Another issue: It is really common for people to "take some well deserved time off!" when they finish some piece of the project earlier than anticipated, thus flushing away time that could have helped out on parts that will take longer than expected.
So only the cockeyed optimists reproduced. That's why we can't estimate schedules today.
"It always takes longer than you expect, even when you take into account Hofstadter's Law."
— Douglas Hofstadter, Gödel, Escher, Bach: An Eternal Golden Braid
Cost estimation is an NP problem. Perhaps it will become practical when we can use a quantum supercomputer to estimate the time needed to build a single page web app.

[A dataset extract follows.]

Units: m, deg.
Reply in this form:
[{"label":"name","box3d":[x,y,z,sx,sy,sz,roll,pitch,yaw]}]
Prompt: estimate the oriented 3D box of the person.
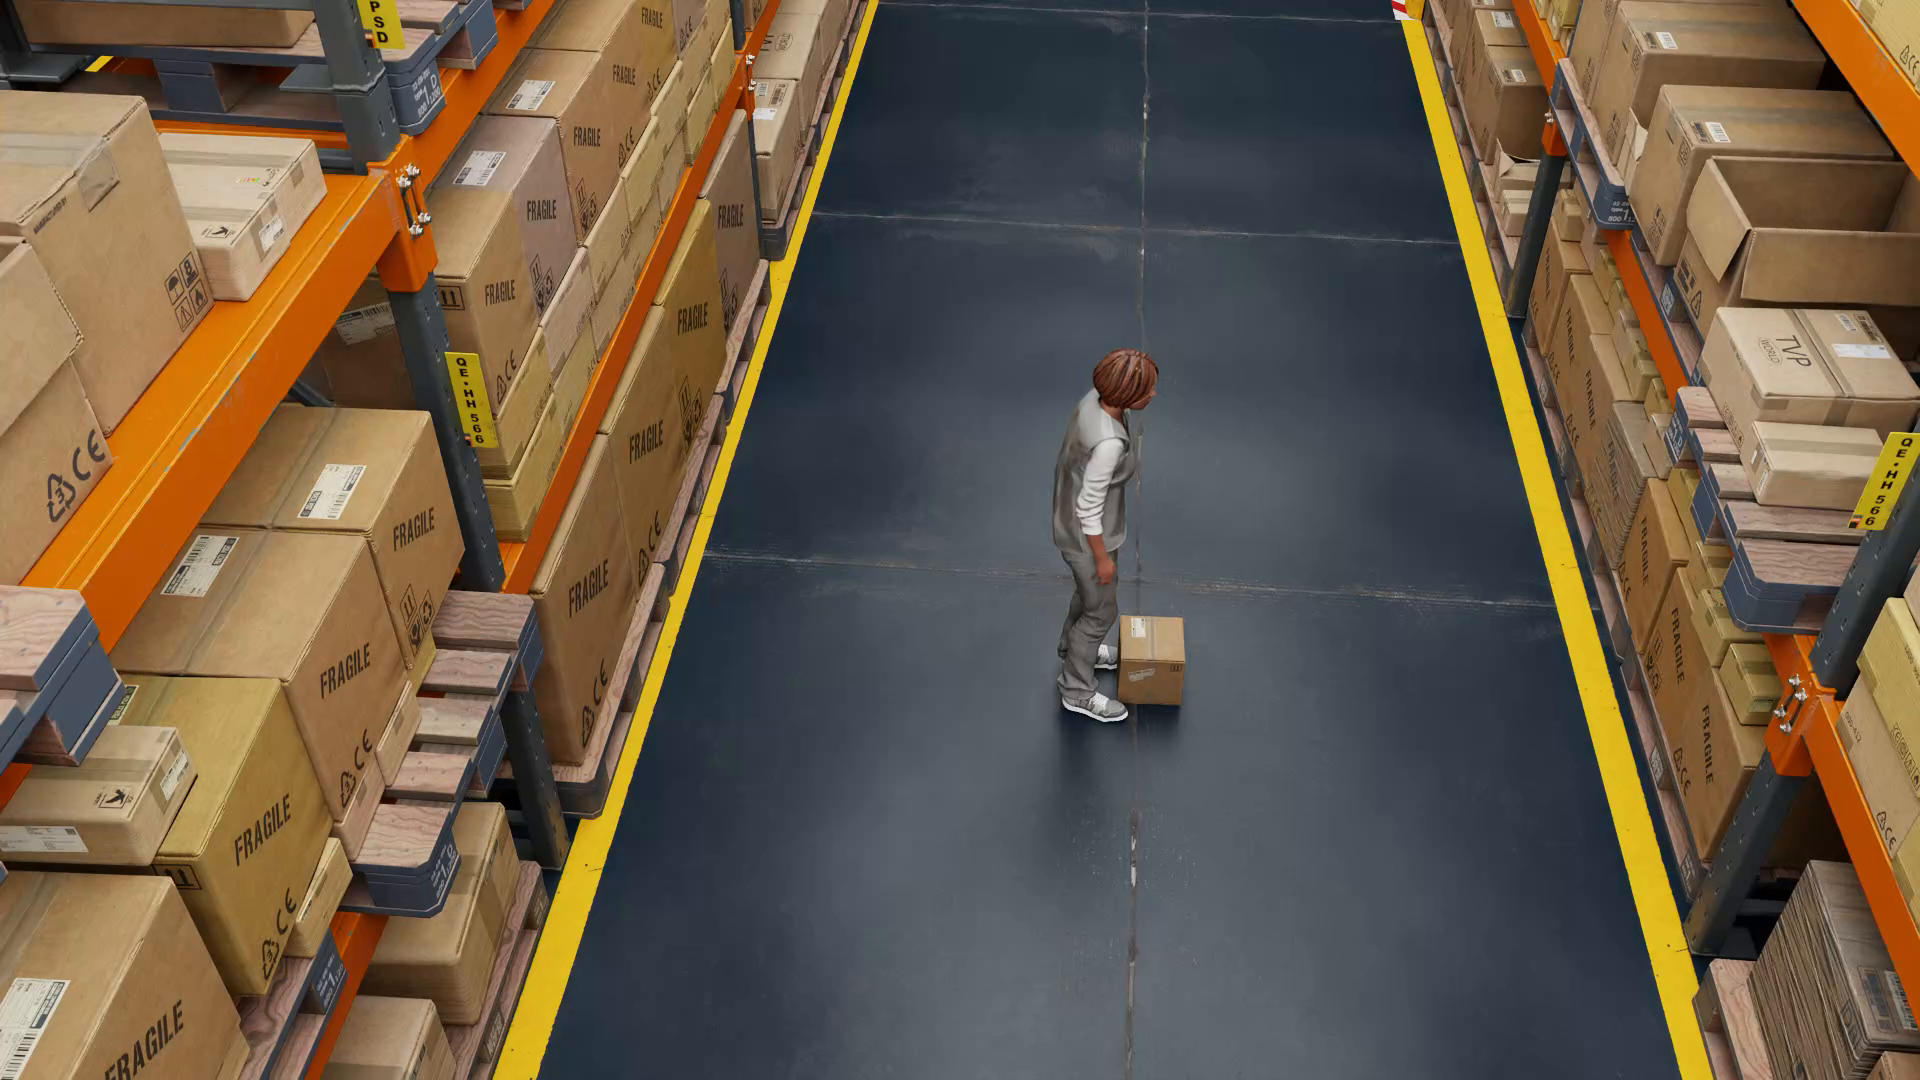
[{"label":"person","box3d":[0.513,-0.031,6.210,0.345,1.581,0.460,3,41,4]}]

Expected time = (best + 4 * likely + worst) / 6
I went hunting for the origins of that formula a few years ago. I couldn't find the original source, and certainly none of the sources I found had a justification for it.
Someone who works at RAND could probably pull the original internal work and tell us. But I suspect it was chosen for ease of calculation.

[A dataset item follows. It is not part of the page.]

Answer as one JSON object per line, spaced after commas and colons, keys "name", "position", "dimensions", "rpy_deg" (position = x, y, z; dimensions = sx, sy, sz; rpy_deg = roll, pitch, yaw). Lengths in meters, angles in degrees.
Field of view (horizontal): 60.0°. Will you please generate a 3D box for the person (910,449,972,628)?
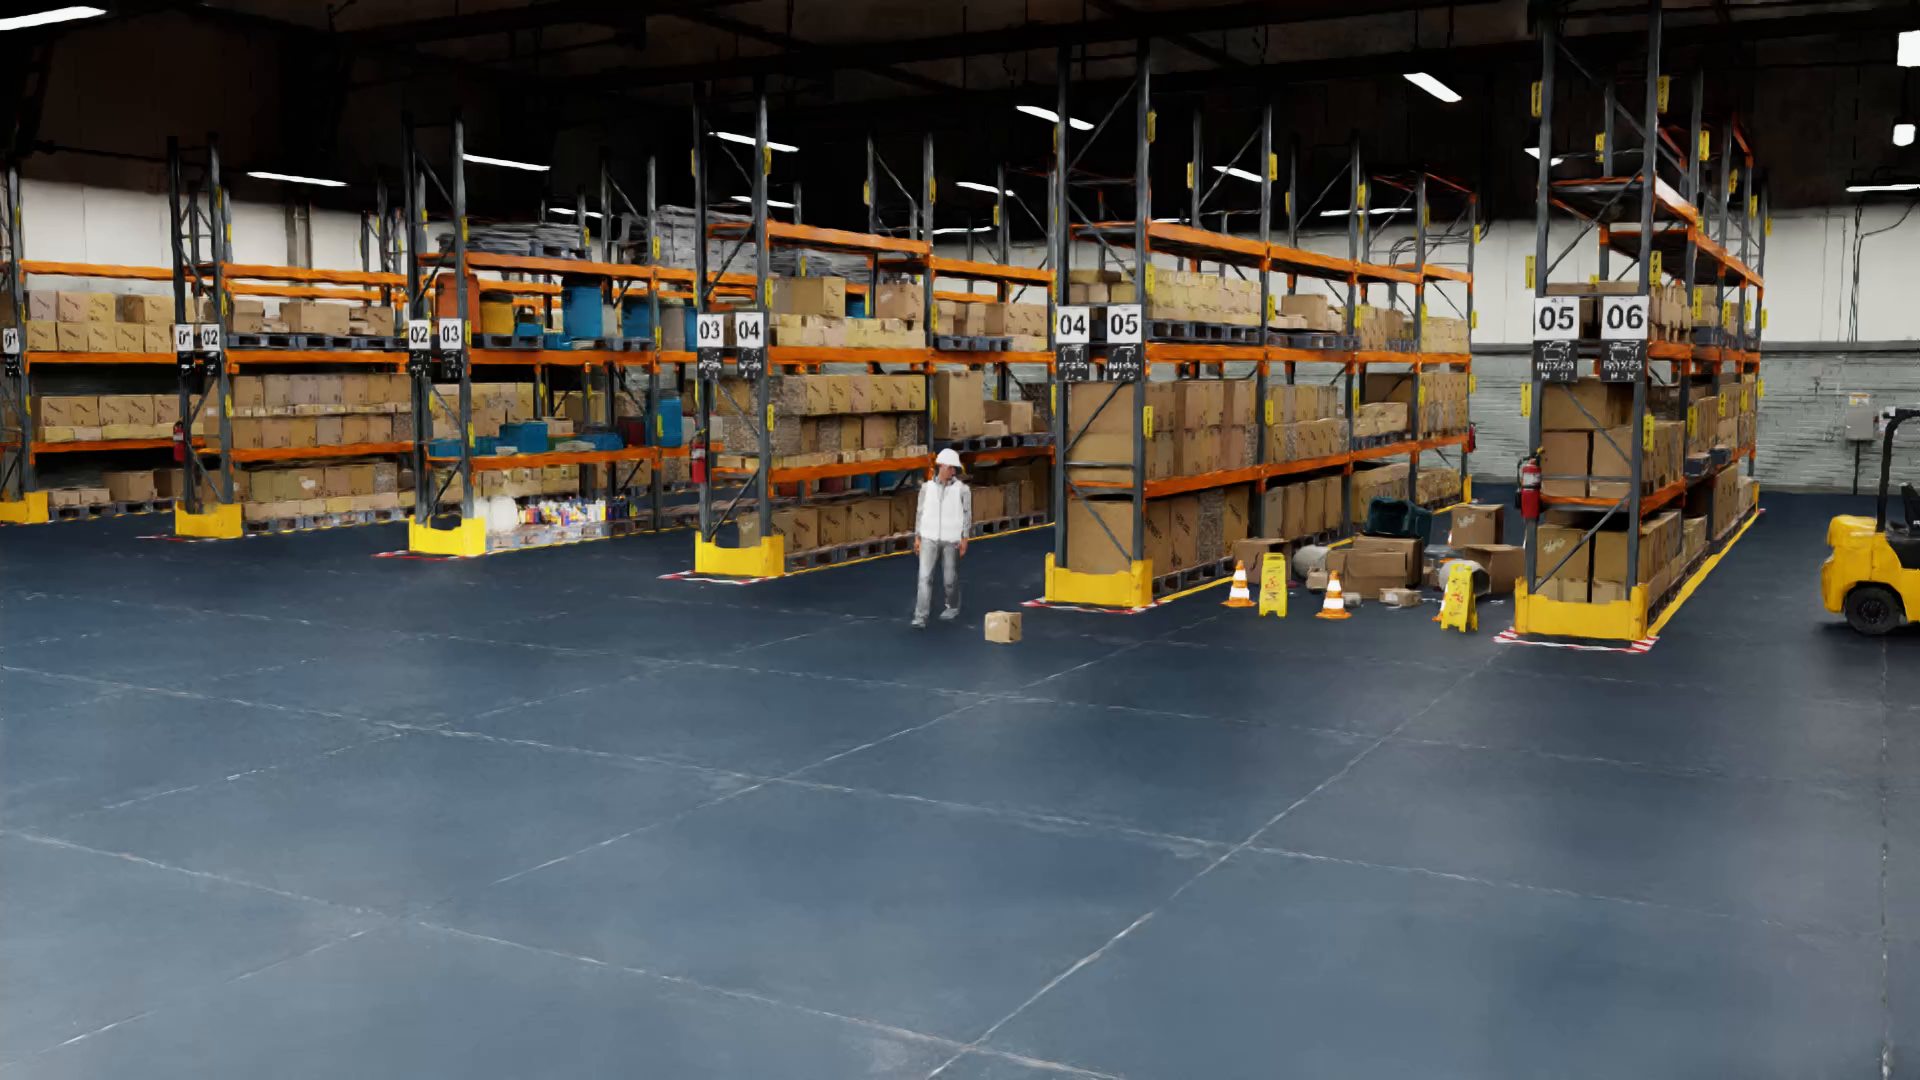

While it's been criticised for being normal-esque instead of pessimistically skewed, it still outperforms single-point estimations. I think it's because of the "unpacking effect" that a full PERT estimate causes you to undergo.

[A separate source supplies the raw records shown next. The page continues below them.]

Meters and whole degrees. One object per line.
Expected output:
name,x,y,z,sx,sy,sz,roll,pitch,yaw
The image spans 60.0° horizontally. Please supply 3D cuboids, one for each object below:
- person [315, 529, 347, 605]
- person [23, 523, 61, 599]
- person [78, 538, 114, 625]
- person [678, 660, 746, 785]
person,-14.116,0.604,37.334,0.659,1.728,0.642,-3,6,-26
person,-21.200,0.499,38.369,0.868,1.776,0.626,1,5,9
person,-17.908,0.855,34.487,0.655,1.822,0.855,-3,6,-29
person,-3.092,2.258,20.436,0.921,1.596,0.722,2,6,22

There's a literature of people tinkering with the formula, but I don't think it's anywhere near as important as the unpacking effect is.
PERT was invented by the US Navy but these days the DoD recommends not using it but just use normal Critical Path Analysis instead where you just estimate a single time - hard enough on it's on without having to do it three times.
But as I said elsewhere in this thread, my suspicion is that the unpacking effect dominates the "improvement" that's observed and that the particular formula is largely secondary.
PERT is taught as a time based planning tool but it also has a earned value element. The tools for that have moved on too.
I suppose the unpacking effect does make more sense though, over CPA.
"How long will it take?"
So what do you put in CPA - 6, 7, 8 ? PERT says 7.
If a project is a month past its deadline, that means it should have begun a month sooner (in order to meet the deadline).
It's surprising how little attention is paid to this fact in the professional world. So many teams and managers focus on the end date, and ignore the start date. In truth, the start and end dates are precisely equal in importance.
Full disclaimer, I wrote a large chunk of the scheduling engine, so if you're curious about it, just shout.
Heads up though, my son was just born, so it might take me a while to respond ;)
When you accept this fact, sometimes projects get done on schedule
Improve the system, improve the world [cheap, fast, good] lives in. Still have to balance, but you're now balancing cheaper, faster, and gooder.
All this talk of medians and means assumes that you've done the same thing many times before (otherwise you wouldn't have those statistics). In software, if you've done it before, then it's already done so the estimate is zero.
Projects always involve doing new things, new requirements, using new technology, techniques, or tools; targeting a new system, and/or using new processes and people. New requirements, constraints, market situations, priorities, and discoveries rise up during the project. Sometimes all of the above. Past performance is not a predictor of future results.
It's more realistic to flip it around. Prioritize the most-important requirements and set an initial deadline. Then you'll get something (the most important stuff, or at least some progress towards it) by the deadline and can decide whether to add the less important stuff afterward.
When doing that, quality and other intangibles need no longer be overlooked but become part of the prioritization. Do you want high quality, or more stuff by the deadline? Do you want the team functioning well for the long haul or is it worth burning them out to rush this, then having downtime afterward?
To get more control, shorten the deadlines to the minimal point where you're still getting deployable chunks of acceptable quality. That acknowledges the inherent uncertainty and gives better control and visibility than just making up a random number (or 3).
Are you saying businesses shouldn't have processes?